Not Surprisingly, There Isn't Much Help For Them

Last summer, Stephen Hwang of the University of Toronto and St.
Michael's Hospital wrote a commentary, endorsed by more than 130 other
scientists and health professionals, which began by asking the reader
to consider the following hypothetical scenario:

"An innovative new intervention for people with diabetes is developed.
Health Canada provides funding to a highly accomplished group of
academic health scientists, who have no financial conflicts of
interest with respect to the new intervention, to conduct research on
its effectiveness.

"Their work shows that the new intervention significantly reduces the
incidence of a variety of diabetic complications. Despite a careful
search for possible adverse effects of the intervention, none are
detected. Over a three-year period, the group's research findings are
published in leading medical journals, including the New England
Journal of Medicine, The Lancet and BMJ [British Medical Journal].

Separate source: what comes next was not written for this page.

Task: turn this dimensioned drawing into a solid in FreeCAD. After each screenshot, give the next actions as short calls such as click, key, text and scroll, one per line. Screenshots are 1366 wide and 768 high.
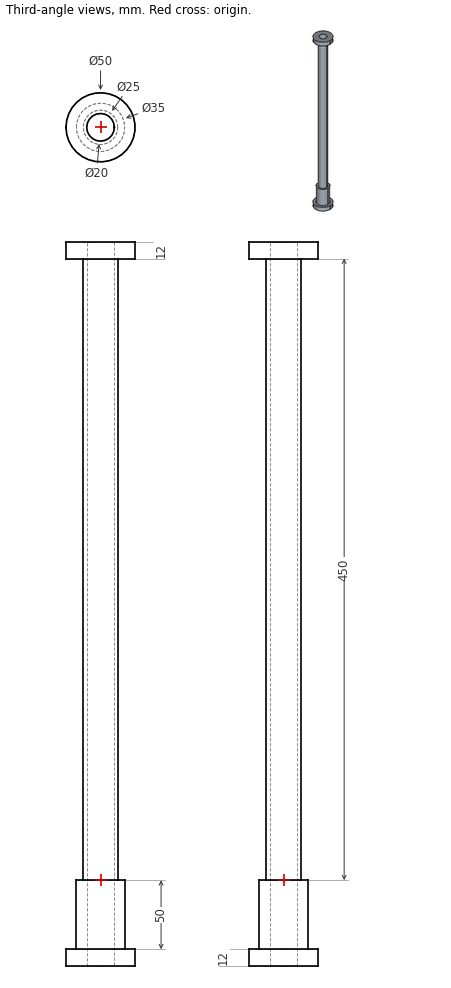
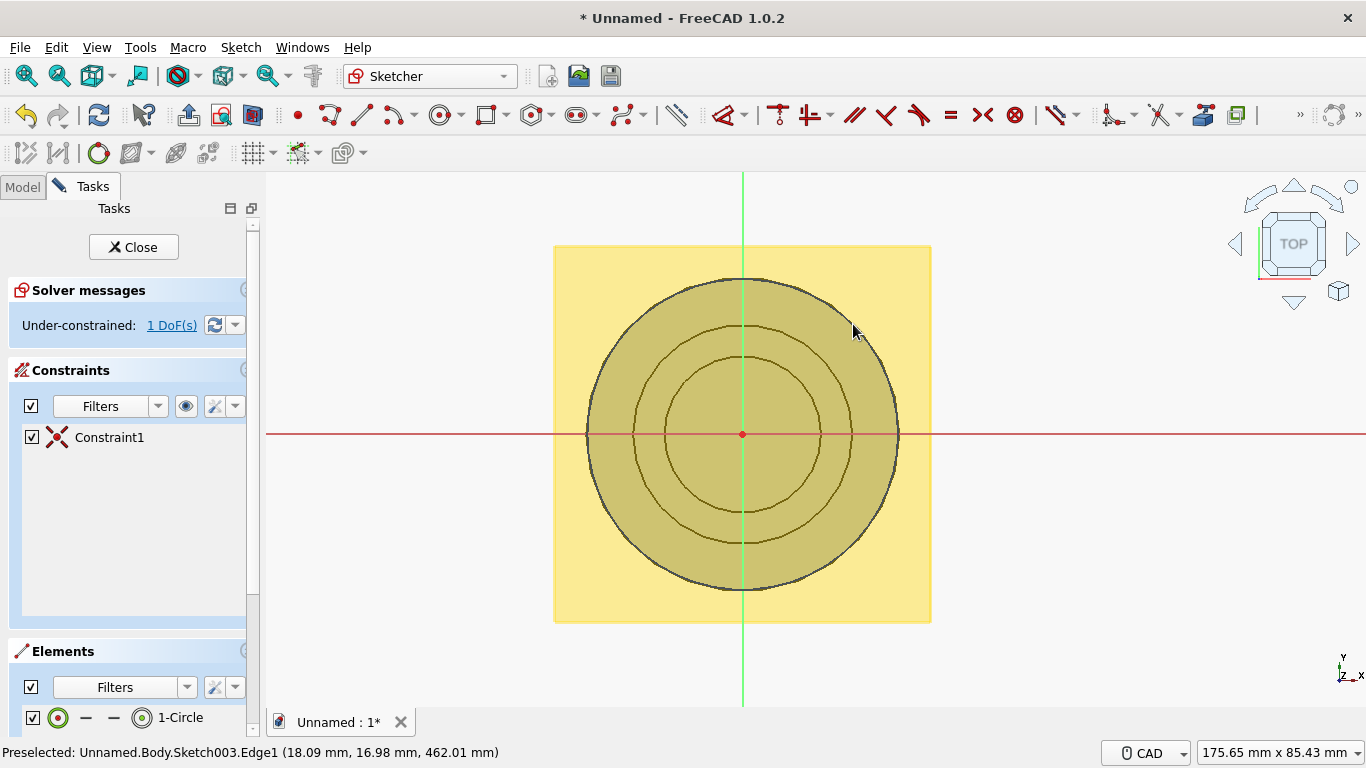
click(724, 116)
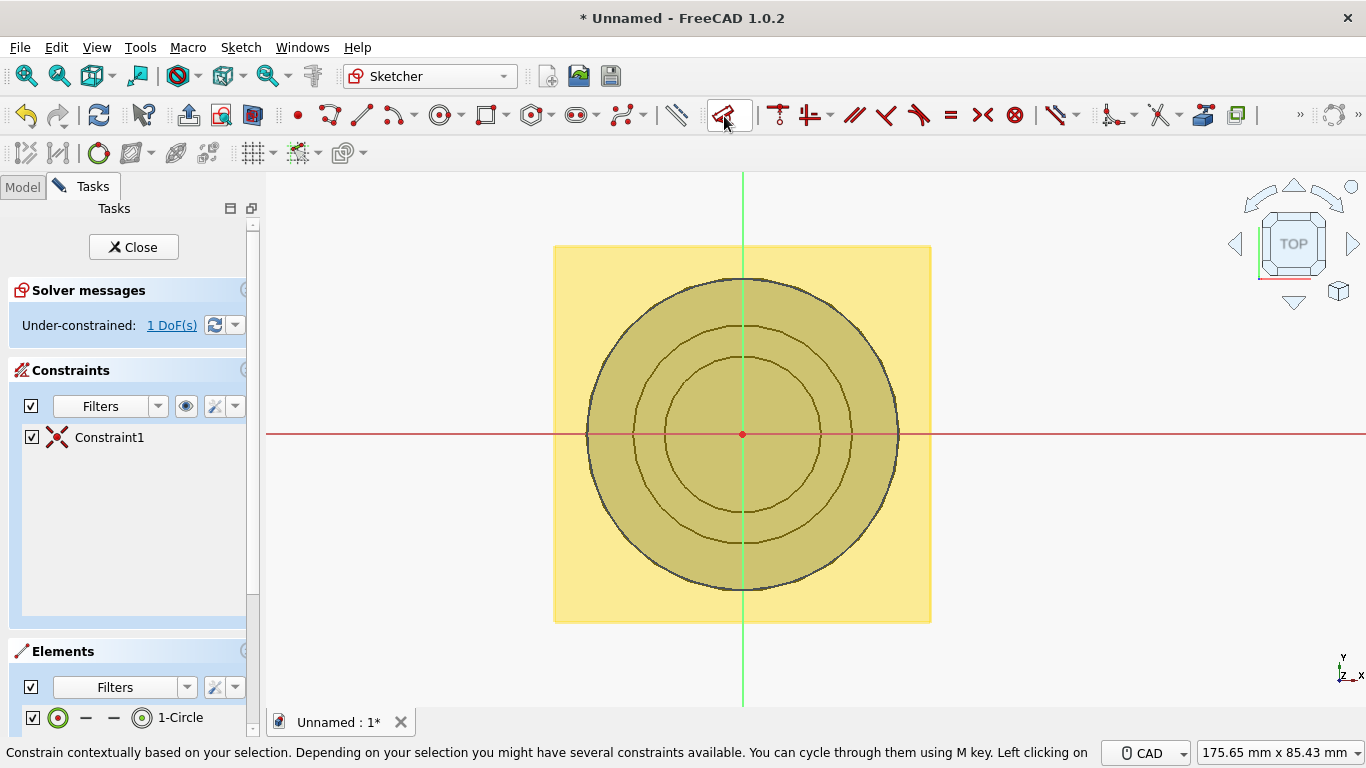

"In response, the federal government calls the research inconclusive
and states its position that the only acceptable therapies for
diabetes are those that either prevent or completely cure this
condition. Two national organizations state their opposition to the
intervention because they fear that the availability of an
intervention that reduces the risk of diabetic complications will
cause people with diabetes to eat more food and become more obese.

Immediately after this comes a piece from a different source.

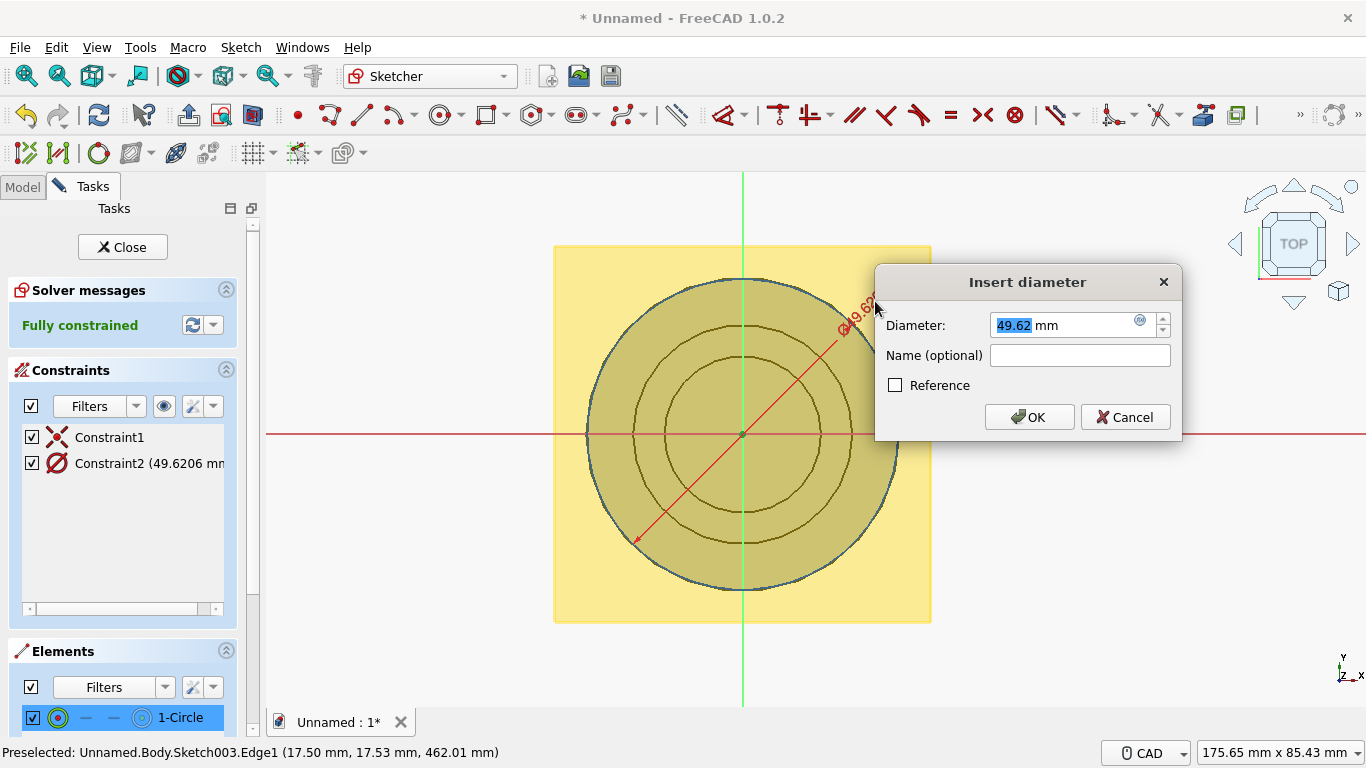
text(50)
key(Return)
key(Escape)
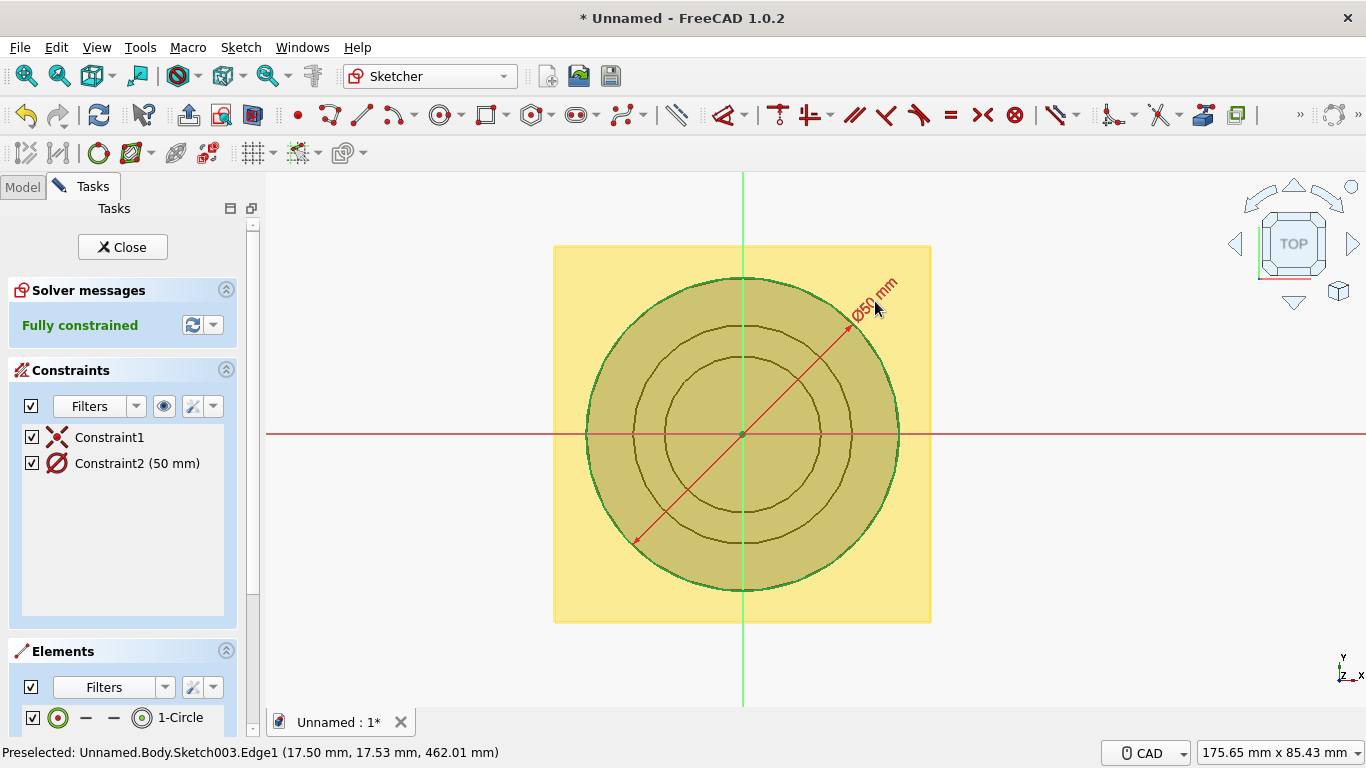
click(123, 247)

"The government indicates that, unless additional research can address
its concerns within a year, it will likely move to ban the new
intervention. Meanwhile, institutions other than the one at which the
research was initially conducted are forbidden to provide the
intervention."

With developments over the last year, we can now update this scenario
by adding the following: The government did move to ban the
intervention, and decided to spend millions of dollars appealing a
court decision that prevented it from doing so. And it continued its
attacks on the intervention, and on physicians who provide it, despite
recent evidence that it is not only effective, but
cost-effective.

Hwang's thought experiment was, of course, intended to highlight the
disconnect between the way the government addresses drug addiction and
the way it treats other medical problems. For as Hwang says, the
scenario "becomes true to life if one substitutes 'drug addiction' for
'diabetes,' 'drug-related harms' for 'diabetic complications,' and
'supervised injection facility for injection drug users' for 'new
intervention.' "

This disconnect has led many people in the health care professions,
including Hwang, to charge that the government's position is driven by
ideology rather than evidence. But thanks to a commentary in the
current issue of the Canadian Medical Association Journal, a much more
disturbing hypothesis now presents itself. And as disturbing as it is,
it is a hypothesis for which there is substantial evidence.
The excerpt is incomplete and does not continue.